Conclusions: These novel findings point to a critical role of testosterone in restoring a systemic environment that favors skeletal muscle rejuvenation in aging. Further refinement in our understanding of testosterone-mediated signaling changes that occur in herterochronic parabiosis is necessary for the development of pharmaceutical or stem-cell therapies for improving muscle regeneration in diseases of muscle wasting.

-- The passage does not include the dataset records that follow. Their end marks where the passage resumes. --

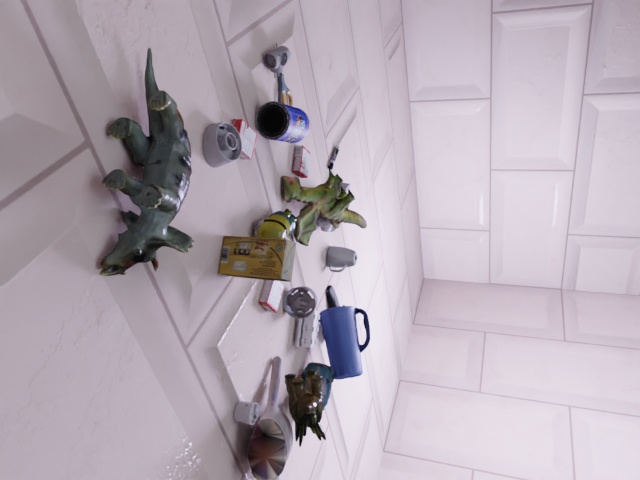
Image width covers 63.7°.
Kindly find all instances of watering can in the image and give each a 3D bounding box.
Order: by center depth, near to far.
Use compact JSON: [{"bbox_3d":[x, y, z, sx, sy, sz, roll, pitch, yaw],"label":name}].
[{"bbox_3d":[-0.132,0.507,1.419,0.223,0.104,0.350,62,24,-80],"label":"watering can"}]

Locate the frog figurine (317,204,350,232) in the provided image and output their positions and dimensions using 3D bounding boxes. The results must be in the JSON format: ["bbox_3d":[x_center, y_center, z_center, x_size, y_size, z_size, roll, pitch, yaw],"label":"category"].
[{"bbox_3d":[0.031,-0.095,1.841,0.158,0.122,0.138,153,-58,-72],"label":"frog figurine"}]

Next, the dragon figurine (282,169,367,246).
[{"bbox_3d":[0.005,-0.084,1.667,0.244,0.124,0.402,-44,133,-7],"label":"dragon figurine"}]
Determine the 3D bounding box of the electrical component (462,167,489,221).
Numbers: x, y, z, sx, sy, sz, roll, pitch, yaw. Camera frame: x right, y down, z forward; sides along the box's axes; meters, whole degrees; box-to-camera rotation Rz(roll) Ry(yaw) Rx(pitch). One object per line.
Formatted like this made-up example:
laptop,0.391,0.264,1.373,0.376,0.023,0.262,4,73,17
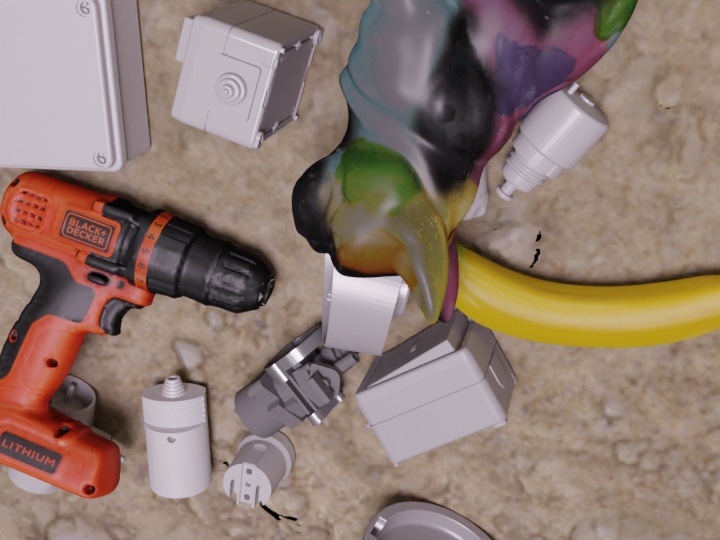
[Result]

Figure 1. Representative electron microscopic image of gastrocnemius muscle from a young (Y) mouse exhibits normal cytoarchitecture and sarcomere organization with numerous mitochondria (arrow). Muscle from an old mouse (O) exhibits perturbed muscle ultrastructure, including IML accumulation (L) and formation of large areas of tubular aggregation (TA). Muscle from an aged parabiont (Y:O) demonstrates no IML accumulation and smaller areas of TA. In contrast, muscles from aged partners of heterochronic parabionts with castrated
young mice (ØY:O) show larger areas of TA formation and vacuolated (V) and swollen mitochondria with broken cristae (asterisk). Parabiosis with castrated plus testosterone-treated young mice (ØY+T:O) restores normal cytoarchitecture and sarcomere organization with abundant hypertrophied mitochondria in aged mice. Scale bar = 2.5 μm.